Баранов считает, что если встает выбор между устойчивостью растений и продуктивностью, нужно остановиться на устойчивости. Нет смысла говорить о продуктивности, если растение не может справиться с инфекциями. Необходимо учитывать эколого-генетические аспекты устойчивости — факторы среды, обеспечивающие нормальную работу соответствующих генов.

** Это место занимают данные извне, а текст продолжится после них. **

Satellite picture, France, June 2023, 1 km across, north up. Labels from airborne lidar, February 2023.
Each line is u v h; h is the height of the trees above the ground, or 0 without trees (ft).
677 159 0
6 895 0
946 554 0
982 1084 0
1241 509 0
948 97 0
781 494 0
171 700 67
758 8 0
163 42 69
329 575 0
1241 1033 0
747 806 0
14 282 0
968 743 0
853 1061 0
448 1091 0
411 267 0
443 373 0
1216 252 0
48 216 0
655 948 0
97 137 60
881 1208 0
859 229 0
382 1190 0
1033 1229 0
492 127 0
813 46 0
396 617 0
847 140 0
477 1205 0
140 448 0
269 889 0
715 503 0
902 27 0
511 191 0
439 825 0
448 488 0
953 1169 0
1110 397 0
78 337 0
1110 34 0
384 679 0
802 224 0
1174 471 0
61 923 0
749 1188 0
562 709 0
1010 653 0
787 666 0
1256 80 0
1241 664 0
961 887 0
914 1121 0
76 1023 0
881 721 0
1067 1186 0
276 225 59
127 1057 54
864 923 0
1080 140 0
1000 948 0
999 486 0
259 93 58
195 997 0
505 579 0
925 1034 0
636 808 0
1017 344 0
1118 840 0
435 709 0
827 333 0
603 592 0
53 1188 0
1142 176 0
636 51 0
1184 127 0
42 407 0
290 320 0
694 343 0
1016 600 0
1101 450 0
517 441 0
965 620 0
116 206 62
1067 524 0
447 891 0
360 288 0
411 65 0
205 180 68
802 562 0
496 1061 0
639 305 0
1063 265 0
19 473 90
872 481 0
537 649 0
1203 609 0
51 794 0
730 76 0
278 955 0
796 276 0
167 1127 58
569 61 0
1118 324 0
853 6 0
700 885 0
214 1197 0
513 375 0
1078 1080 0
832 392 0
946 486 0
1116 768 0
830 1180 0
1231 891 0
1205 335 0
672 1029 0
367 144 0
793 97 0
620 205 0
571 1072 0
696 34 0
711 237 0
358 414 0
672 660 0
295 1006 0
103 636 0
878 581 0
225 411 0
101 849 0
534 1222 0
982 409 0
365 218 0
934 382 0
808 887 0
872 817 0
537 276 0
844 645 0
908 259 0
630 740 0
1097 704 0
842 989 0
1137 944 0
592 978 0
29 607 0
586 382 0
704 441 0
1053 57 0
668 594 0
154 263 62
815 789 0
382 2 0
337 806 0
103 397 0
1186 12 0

После Баранова Станислав Пантелеев (Институт леса НАН Республики Беларусь) представил доклад «Генетическая диагностика возбудителей трансмиссивных заболеваний лесных древесных растений». В роли переносчиков инфекций растений выступают насекомые, паукообразные, нематоды и грибы. Переносчики помогают преодолеть главный барьер растения — механический. Кроме того, они преодолевают расстояния и передают инфекцию от больных деревьев здоровым. В случае грибов это происходит следующим образом. В клетках гриба могут содержаться вирусы, патогенные для растений, но не наносящие вреда самому грибу. Эти вирусы разносятся вместе с грибными спорами.

Исследовать возбудителей заболеваний можно с помощью секвенирования ПЦР-продуктов, анализа T-RFLP и фрагментного анализа. Каждый метод имеет ограничения. Так, секвенирование требует больших денежных и временных затрат, разные виды могут иметь количественно одинаковые T-RFLP и так далее.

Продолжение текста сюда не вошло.